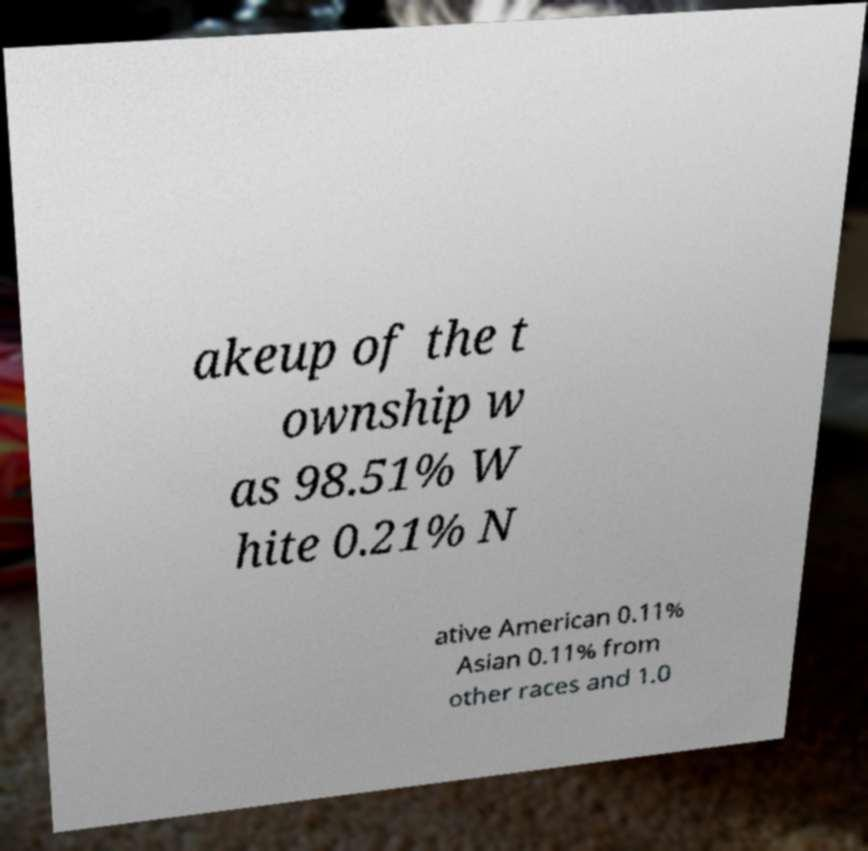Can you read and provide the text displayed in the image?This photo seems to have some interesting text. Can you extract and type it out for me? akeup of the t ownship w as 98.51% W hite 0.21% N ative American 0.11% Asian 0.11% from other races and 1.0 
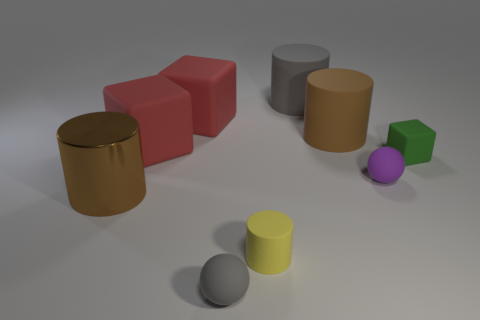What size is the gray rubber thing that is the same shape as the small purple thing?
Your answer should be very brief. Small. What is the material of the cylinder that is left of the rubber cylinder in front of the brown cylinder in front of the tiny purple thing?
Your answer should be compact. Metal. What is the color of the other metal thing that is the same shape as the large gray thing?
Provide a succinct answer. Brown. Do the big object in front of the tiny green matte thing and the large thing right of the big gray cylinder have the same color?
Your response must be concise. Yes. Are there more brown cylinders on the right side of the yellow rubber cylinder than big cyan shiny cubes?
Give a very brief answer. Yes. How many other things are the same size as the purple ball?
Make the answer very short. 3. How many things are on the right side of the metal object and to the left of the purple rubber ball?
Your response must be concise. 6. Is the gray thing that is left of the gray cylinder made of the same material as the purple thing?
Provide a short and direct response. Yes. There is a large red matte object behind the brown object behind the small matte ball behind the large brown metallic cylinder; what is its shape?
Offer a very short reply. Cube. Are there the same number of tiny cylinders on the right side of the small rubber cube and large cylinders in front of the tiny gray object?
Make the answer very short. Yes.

§ **Exercise**
Would you reproduce the lines above exactly, without carrying over the pictures?

§ **Task solution**
Can you read and provide the text displayed in the image?This photo seems to have some interesting text. Can you extract and type it out for me? akeup of the t ownship w as 98.51% W hite 0.21% N ative American 0.11% Asian 0.11% from other races and 1.0 
What size is the gray rubber thing that is the same shape as the small purple thing?
Your answer should be very brief. Small. What is the material of the cylinder that is left of the rubber cylinder in front of the brown cylinder in front of the tiny purple thing?
Your answer should be compact. Metal. What is the color of the other metal thing that is the same shape as the large gray thing?
Provide a succinct answer. Brown. Do the big object in front of the tiny green matte thing and the large thing right of the big gray cylinder have the same color?
Your response must be concise. Yes. Are there more brown cylinders on the right side of the yellow rubber cylinder than big cyan shiny cubes?
Give a very brief answer. Yes. How many other things are the same size as the purple ball?
Make the answer very short. 3. How many things are on the right side of the metal object and to the left of the purple rubber ball?
Your response must be concise. 6. Is the gray thing that is left of the gray cylinder made of the same material as the purple thing?
Provide a short and direct response. Yes. There is a large red matte object behind the brown object behind the small matte ball behind the large brown metallic cylinder; what is its shape?
Offer a very short reply. Cube. Are there the same number of tiny cylinders on the right side of the small rubber cube and large cylinders in front of the tiny gray object?
Make the answer very short. Yes.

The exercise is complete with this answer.